* _Information_:

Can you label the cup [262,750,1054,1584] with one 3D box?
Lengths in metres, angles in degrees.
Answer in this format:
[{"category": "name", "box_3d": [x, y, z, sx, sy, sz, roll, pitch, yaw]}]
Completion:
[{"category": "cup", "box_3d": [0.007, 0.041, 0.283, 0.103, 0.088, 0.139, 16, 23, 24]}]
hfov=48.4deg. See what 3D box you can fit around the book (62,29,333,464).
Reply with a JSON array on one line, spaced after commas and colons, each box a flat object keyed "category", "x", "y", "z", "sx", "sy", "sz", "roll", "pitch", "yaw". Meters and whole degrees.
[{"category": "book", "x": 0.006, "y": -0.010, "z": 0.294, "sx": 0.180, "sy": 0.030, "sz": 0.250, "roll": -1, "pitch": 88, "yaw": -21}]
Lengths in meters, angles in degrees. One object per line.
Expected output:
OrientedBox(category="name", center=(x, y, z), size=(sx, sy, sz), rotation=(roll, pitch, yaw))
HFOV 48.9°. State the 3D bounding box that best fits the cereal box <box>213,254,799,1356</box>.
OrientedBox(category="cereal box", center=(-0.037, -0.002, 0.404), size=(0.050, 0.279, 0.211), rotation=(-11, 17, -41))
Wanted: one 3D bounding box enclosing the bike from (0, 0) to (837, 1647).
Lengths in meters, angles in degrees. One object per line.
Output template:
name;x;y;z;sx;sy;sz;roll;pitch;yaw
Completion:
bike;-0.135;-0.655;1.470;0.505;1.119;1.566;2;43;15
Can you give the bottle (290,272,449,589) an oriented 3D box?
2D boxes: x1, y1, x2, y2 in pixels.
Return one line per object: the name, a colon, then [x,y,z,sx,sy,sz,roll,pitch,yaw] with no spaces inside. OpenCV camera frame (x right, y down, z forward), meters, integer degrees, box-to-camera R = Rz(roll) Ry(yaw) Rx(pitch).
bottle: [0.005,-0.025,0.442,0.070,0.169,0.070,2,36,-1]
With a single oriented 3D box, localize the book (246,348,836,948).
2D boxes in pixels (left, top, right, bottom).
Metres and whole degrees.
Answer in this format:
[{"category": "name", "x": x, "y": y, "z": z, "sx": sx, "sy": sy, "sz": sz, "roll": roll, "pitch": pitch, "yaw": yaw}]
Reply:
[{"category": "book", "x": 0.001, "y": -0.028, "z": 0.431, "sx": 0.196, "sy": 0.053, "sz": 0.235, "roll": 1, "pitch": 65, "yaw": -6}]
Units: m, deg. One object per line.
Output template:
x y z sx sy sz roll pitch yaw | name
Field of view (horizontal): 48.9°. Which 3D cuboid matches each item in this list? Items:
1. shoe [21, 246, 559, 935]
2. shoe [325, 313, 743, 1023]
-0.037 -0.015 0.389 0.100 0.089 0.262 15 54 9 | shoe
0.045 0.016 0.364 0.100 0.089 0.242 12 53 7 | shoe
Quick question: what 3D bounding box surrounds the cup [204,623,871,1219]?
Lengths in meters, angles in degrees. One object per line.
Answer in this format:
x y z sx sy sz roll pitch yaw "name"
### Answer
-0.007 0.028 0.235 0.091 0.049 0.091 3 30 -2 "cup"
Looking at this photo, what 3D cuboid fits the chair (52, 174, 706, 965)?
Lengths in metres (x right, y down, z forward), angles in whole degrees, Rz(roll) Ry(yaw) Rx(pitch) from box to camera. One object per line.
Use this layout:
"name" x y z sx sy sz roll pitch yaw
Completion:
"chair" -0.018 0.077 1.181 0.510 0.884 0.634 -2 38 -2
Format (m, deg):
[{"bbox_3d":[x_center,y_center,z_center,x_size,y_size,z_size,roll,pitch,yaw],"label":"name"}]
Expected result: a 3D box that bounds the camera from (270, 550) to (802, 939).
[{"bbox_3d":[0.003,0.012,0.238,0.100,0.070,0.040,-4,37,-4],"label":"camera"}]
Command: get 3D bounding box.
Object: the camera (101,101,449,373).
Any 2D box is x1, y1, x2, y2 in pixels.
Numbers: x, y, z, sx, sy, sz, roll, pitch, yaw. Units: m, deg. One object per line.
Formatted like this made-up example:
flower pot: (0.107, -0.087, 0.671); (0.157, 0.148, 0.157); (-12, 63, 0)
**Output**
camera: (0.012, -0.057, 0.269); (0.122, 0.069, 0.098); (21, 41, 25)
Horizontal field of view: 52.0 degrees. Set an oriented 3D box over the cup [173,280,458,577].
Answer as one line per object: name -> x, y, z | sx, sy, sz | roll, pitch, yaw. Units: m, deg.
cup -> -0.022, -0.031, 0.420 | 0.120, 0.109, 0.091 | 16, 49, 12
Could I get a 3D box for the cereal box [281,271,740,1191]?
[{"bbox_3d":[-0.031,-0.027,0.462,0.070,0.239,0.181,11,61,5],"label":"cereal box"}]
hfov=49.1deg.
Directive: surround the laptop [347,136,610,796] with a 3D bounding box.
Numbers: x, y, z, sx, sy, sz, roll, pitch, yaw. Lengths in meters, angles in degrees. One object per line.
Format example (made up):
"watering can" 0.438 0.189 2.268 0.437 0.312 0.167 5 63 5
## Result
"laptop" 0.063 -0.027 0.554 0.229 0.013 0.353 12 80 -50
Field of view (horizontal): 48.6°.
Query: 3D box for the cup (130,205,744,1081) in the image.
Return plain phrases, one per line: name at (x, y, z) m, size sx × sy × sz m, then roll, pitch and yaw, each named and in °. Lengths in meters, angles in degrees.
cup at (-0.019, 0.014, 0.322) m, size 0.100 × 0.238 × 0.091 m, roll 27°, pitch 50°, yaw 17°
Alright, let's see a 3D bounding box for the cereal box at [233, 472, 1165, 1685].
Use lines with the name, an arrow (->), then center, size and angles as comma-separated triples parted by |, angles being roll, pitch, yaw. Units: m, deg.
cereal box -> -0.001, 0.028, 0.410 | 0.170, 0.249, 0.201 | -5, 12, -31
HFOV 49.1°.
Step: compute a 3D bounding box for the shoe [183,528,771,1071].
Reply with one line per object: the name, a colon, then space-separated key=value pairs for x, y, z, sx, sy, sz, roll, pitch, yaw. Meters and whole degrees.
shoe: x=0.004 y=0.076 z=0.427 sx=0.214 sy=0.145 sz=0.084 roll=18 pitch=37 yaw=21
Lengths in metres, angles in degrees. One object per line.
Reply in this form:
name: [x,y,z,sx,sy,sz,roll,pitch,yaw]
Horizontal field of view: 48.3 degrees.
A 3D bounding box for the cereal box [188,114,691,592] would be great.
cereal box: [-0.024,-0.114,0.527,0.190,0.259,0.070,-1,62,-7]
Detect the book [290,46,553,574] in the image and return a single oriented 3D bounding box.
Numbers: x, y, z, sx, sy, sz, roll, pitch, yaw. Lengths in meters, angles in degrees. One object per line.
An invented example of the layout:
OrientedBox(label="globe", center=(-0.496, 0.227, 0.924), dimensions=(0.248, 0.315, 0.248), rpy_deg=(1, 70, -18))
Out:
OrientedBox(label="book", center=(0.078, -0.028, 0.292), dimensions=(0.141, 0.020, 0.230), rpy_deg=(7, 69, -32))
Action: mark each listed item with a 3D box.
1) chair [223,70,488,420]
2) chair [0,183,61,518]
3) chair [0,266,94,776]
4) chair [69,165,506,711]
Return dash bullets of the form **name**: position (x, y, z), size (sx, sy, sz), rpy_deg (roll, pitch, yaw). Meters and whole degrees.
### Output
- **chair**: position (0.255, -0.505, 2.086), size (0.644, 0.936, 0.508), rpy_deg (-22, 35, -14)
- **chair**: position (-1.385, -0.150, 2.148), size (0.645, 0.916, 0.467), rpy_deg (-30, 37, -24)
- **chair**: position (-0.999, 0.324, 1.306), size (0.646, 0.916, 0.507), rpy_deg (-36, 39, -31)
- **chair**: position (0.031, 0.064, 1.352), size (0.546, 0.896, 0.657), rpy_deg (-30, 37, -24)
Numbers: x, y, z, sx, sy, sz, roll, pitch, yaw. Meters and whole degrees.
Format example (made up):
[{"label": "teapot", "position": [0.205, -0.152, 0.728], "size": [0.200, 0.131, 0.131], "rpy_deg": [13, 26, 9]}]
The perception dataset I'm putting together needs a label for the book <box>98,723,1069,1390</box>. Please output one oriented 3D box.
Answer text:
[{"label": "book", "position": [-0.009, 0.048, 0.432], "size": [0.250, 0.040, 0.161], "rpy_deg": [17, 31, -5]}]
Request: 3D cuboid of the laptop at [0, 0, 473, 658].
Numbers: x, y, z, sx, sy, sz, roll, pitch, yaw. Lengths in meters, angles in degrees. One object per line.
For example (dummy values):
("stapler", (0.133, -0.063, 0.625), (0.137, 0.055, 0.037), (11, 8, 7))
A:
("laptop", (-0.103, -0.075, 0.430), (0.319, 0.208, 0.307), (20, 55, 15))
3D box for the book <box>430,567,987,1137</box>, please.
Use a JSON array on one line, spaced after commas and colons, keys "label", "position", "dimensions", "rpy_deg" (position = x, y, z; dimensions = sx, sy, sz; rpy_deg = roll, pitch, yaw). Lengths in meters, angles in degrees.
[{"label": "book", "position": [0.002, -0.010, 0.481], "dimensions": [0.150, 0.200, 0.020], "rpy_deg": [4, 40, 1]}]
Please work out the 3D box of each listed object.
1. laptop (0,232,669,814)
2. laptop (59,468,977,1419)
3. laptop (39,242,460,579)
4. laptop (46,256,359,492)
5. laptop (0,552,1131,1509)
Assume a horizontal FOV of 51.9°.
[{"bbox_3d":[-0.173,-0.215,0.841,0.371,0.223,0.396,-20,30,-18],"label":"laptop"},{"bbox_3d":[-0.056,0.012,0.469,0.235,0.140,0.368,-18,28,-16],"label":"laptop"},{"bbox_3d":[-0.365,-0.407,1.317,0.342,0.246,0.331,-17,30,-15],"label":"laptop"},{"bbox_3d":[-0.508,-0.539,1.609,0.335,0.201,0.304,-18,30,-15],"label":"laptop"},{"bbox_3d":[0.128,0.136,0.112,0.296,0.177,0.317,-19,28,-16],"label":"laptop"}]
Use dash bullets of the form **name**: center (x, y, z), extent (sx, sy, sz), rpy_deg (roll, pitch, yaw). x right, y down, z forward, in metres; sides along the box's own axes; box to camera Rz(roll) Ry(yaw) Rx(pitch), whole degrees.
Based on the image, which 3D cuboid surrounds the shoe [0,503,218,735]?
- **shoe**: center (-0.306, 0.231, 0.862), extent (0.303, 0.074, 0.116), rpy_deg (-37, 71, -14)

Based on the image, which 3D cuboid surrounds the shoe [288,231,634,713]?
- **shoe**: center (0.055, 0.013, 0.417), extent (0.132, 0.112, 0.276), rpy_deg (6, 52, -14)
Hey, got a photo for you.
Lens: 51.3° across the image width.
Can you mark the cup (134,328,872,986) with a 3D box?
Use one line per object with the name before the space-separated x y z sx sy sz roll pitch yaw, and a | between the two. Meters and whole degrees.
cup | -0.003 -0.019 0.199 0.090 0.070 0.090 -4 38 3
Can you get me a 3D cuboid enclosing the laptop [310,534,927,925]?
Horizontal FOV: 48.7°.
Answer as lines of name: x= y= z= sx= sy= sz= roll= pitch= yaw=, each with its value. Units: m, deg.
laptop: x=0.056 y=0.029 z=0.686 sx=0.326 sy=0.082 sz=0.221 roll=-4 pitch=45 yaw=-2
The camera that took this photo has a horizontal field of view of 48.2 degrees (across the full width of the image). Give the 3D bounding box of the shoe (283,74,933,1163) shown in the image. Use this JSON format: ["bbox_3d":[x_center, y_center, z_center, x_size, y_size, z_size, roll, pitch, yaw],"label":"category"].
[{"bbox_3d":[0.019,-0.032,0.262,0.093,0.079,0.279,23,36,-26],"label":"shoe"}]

* _What you should do_: Count the lines above in which the string "bullets" occurs, and write the number with no other text.

* _Result_: 2